Prior agreement was proved by the act of picking her from her home under the guise of settling the matter, although normally prior agreement is not necessary to be proved between the assailants. Usually, “it is sufficient to prove the intention that can be inferred from the presence of the Accused, their actions or omissions to disassociate themselves from the attack”. – See Birikadde vs. Uganda [1986] HCB 6.
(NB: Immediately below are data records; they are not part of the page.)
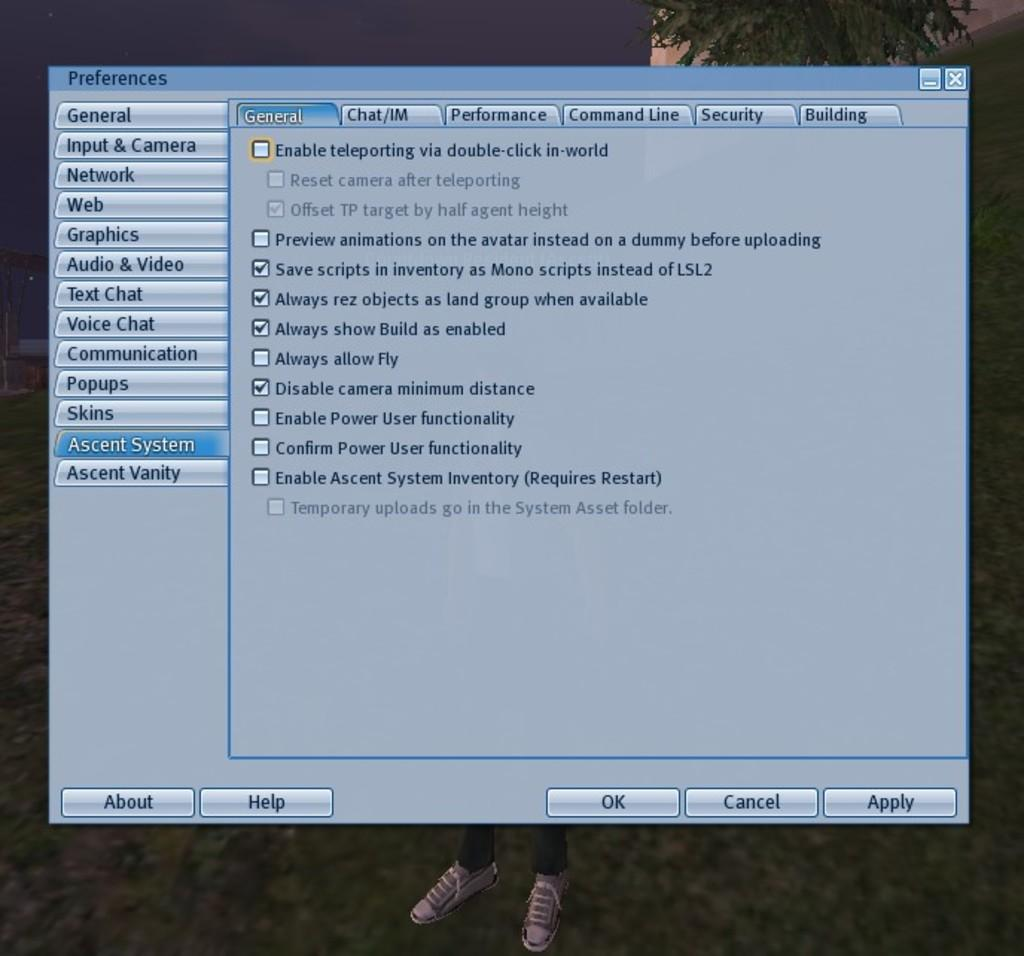What is the main object in the image? There is a chart box with text in the image. Can you describe any other visible features? There are legs visible at the bottom of the image. What is located at the top of the image? There is a tree at the top of the image. How many attempts did the lawyer make to climb the tree in the image? There is no lawyer or attempt to climb a tree present in the image. 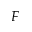<formula> <loc_0><loc_0><loc_500><loc_500>F</formula> 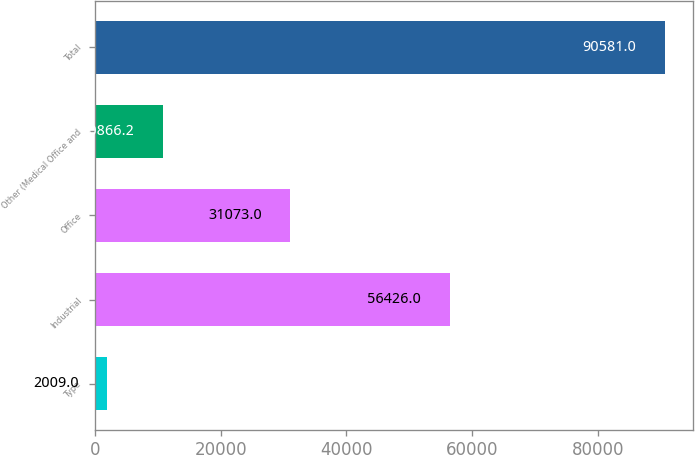Convert chart. <chart><loc_0><loc_0><loc_500><loc_500><bar_chart><fcel>Type<fcel>Industrial<fcel>Office<fcel>Other (Medical Office and<fcel>Total<nl><fcel>2009<fcel>56426<fcel>31073<fcel>10866.2<fcel>90581<nl></chart> 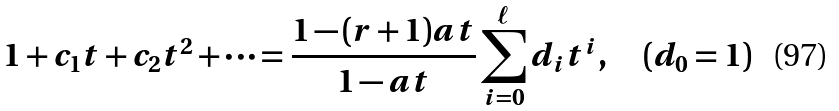<formula> <loc_0><loc_0><loc_500><loc_500>1 + c _ { 1 } t + c _ { 2 } t ^ { 2 } + \dots = \frac { 1 - ( r + 1 ) a t } { 1 - a t } \sum _ { i = 0 } ^ { \ell } d _ { i } t ^ { i } , \quad ( d _ { 0 } = 1 )</formula> 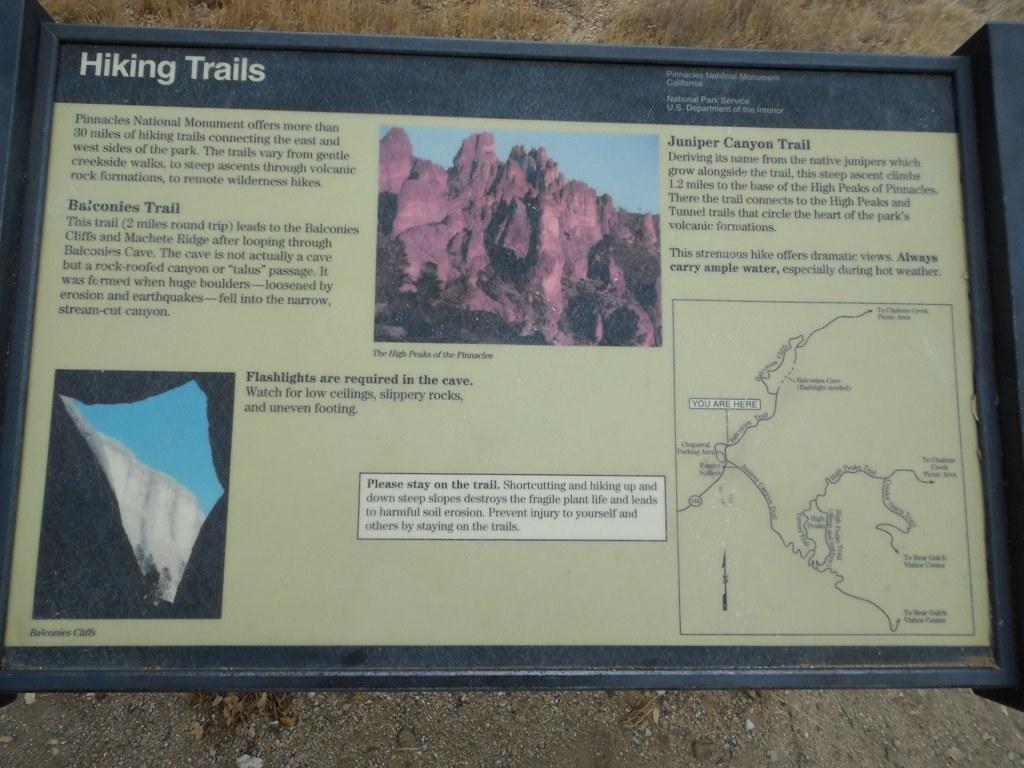What type of trails are this sign showing?
Keep it short and to the point. Hiking. What trail has a map on the right side of the sign?
Your answer should be very brief. Juniper canyon trail. 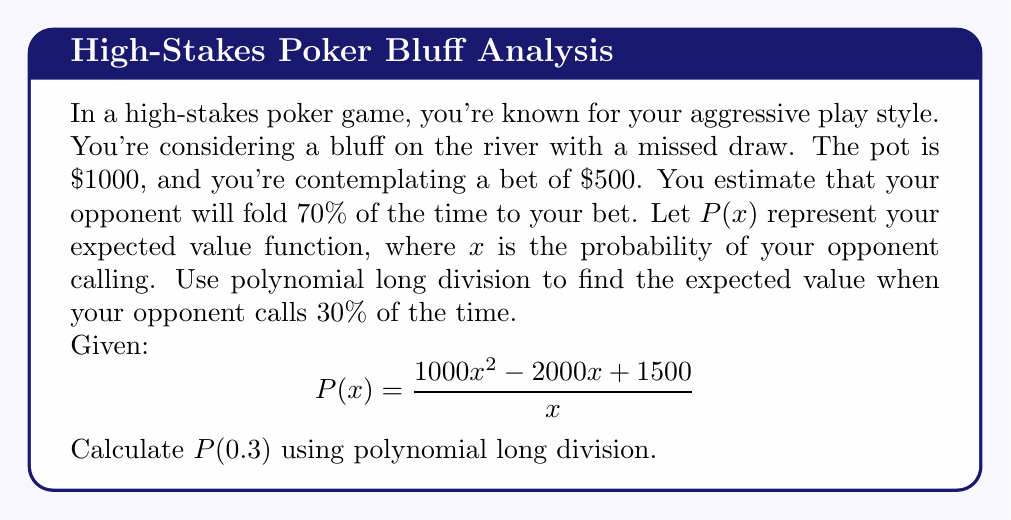Can you answer this question? To solve this problem, we need to perform polynomial long division and then evaluate the result at $x = 0.3$. Let's break it down step-by-step:

1) First, let's set up the polynomial long division:

   $$\frac{1000x^2 - 2000x + 1500}{x}$$

2) Divide $1000x^2$ by $x$:
   $$1000x - 2000x + 1500$$
   
3) Bring down the next term:
   $$1000x - 2000 + \frac{1500}{x}$$

4) So, after polynomial long division, we get:
   $$P(x) = 1000x - 2000 + \frac{1500}{x}$$

5) Now, we need to evaluate this at $x = 0.3$:
   $$P(0.3) = 1000(0.3) - 2000 + \frac{1500}{0.3}$$

6) Let's calculate each part:
   - $1000(0.3) = 300$
   - $\frac{1500}{0.3} = 5000$

7) Putting it all together:
   $$P(0.3) = 300 - 2000 + 5000 = 3300$$

Therefore, your expected value when your opponent calls 30% of the time is $3300.
Answer: $3300 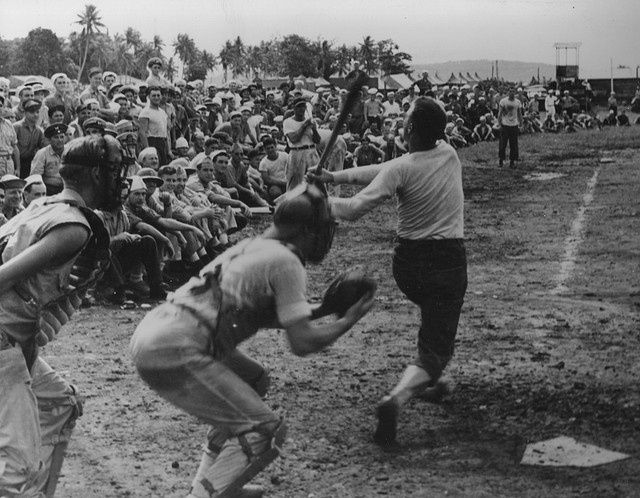Describe the objects in this image and their specific colors. I can see people in lightgray, black, gray, and darkgray tones, people in lightgray, gray, black, darkgray, and silver tones, people in lightgray, gray, black, and darkgray tones, people in gray, black, darkgray, and lightgray tones, and people in gray, black, darkgray, and lightgray tones in this image. 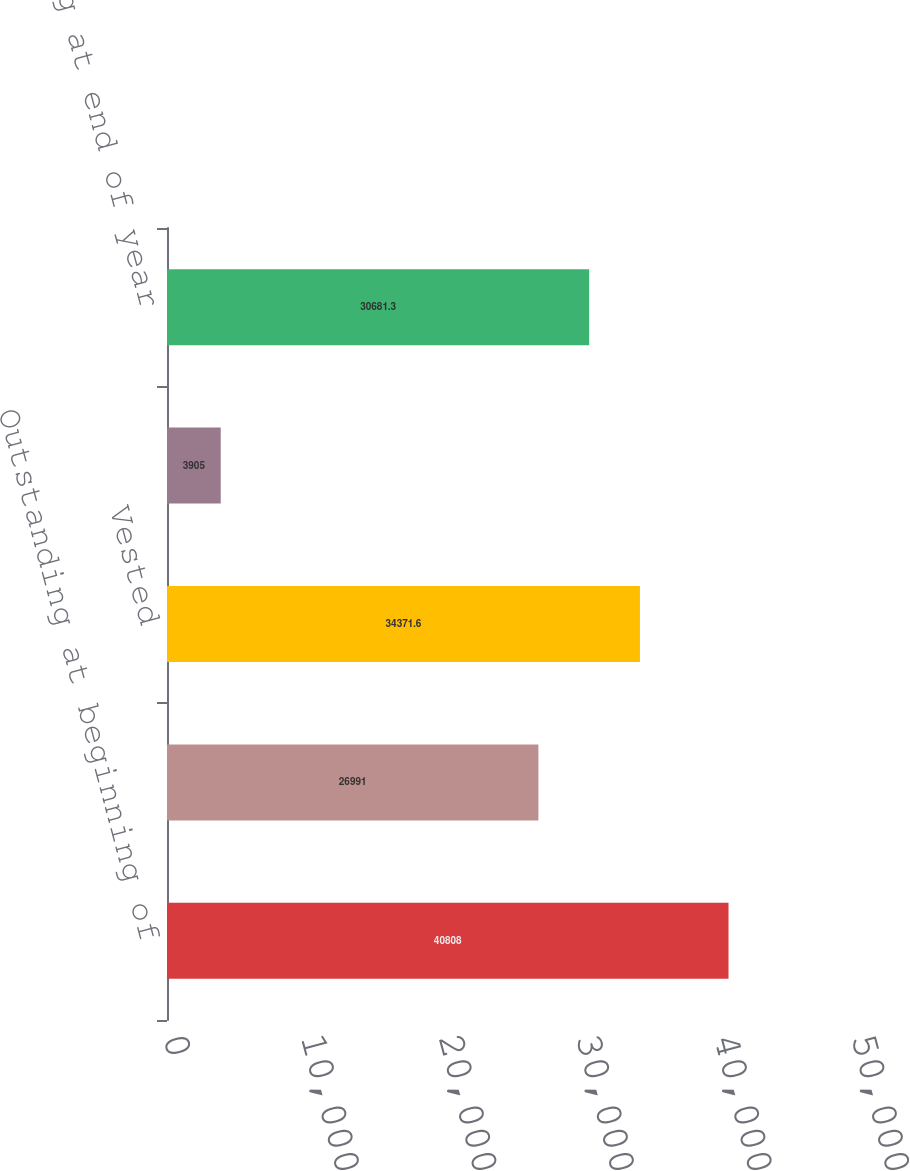Convert chart to OTSL. <chart><loc_0><loc_0><loc_500><loc_500><bar_chart><fcel>Outstanding at beginning of<fcel>Granted and assumed through<fcel>Vested<fcel>Forfeited<fcel>Outstanding at end of year<nl><fcel>40808<fcel>26991<fcel>34371.6<fcel>3905<fcel>30681.3<nl></chart> 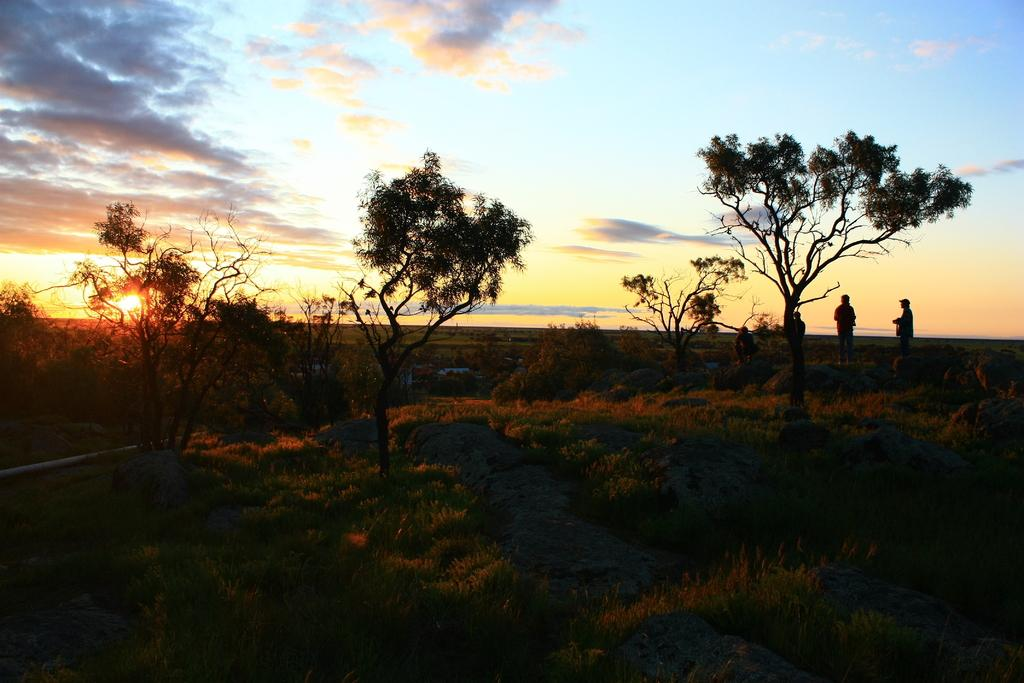What are the people in the image doing? The people in the image are standing on stones. What type of vegetation can be seen in the image? There is grass visible in the image, and there are also trees. What is the weather like in the image? The sky appears cloudy in the image, and the sun is visible, suggesting a mix of sun and clouds. What type of wool is being spun by the parent in the image? There is no parent or wool present in the image; it features people standing on stones with grass, trees, and a cloudy sky. 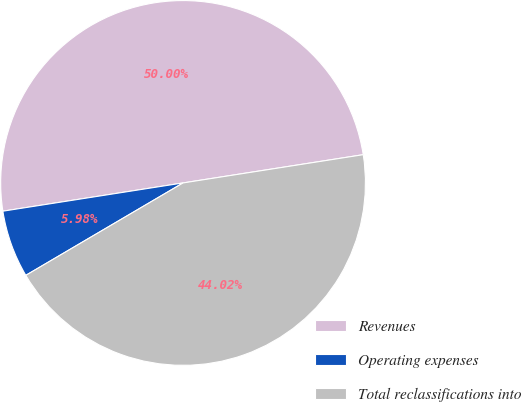Convert chart. <chart><loc_0><loc_0><loc_500><loc_500><pie_chart><fcel>Revenues<fcel>Operating expenses<fcel>Total reclassifications into<nl><fcel>50.0%<fcel>5.98%<fcel>44.02%<nl></chart> 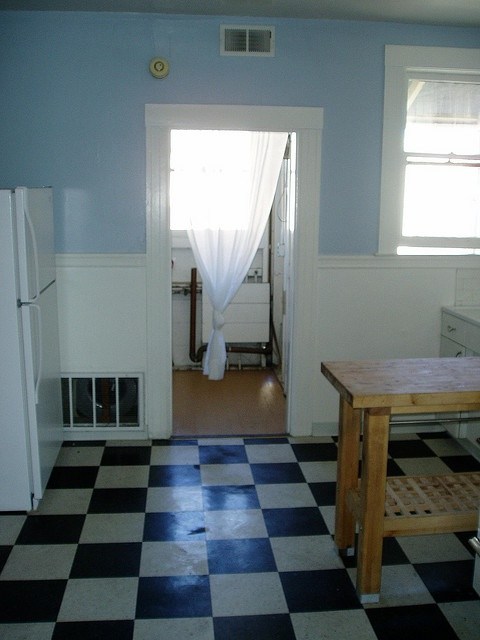Describe the objects in this image and their specific colors. I can see dining table in black, olive, and gray tones and refrigerator in black, gray, and darkgray tones in this image. 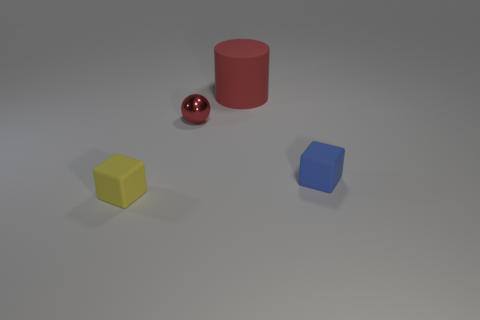What number of red metallic balls are there? There is one red metallic ball present in the image, which has a shiny surface that reflects the light and stands out among the other objects.

There is no credible evidence that A1, A2, A3, A5, A6 and A7 dissociated themselves from the kidnap and the attendant attack on the deceased. As already indicated, the available evidence places the Accused at the scene of crime and their defences are therefore disproved and are hereby rejected.
For all those reasons given in this judgment, Court finds the Prosecution proved the ingredients of participation of A1, A2, A3, A5, A6, A7, and A8 in commission of the three offences beyond reasonable doubt.
And in disagreement with the opinion of the Assessors, I hereby find all those accused persons guilty as charged on all the three counts and they are hereby convicted as charged.
However, in as regards A4, the evidence available shows that the role he played was to drive to the deceased to CPS and back to Pine – which contributed to her demise. He is hereby found guilty of being an accessory after the fact under S.206 of the Penal Code Act on all three counts and he is convicted accordingly.
Accessory after the fact to murder: The law provides that, “Any person who becomes an accessory after the fact to murder commits a felony”.
S.89 Trial Indictment Act – provides for conviction for being an accessory after the fact.
“When a person is charged with an offence, he or she may be convicted of being an accessory after the fact to the commission of that offence although he or she was not so charged”.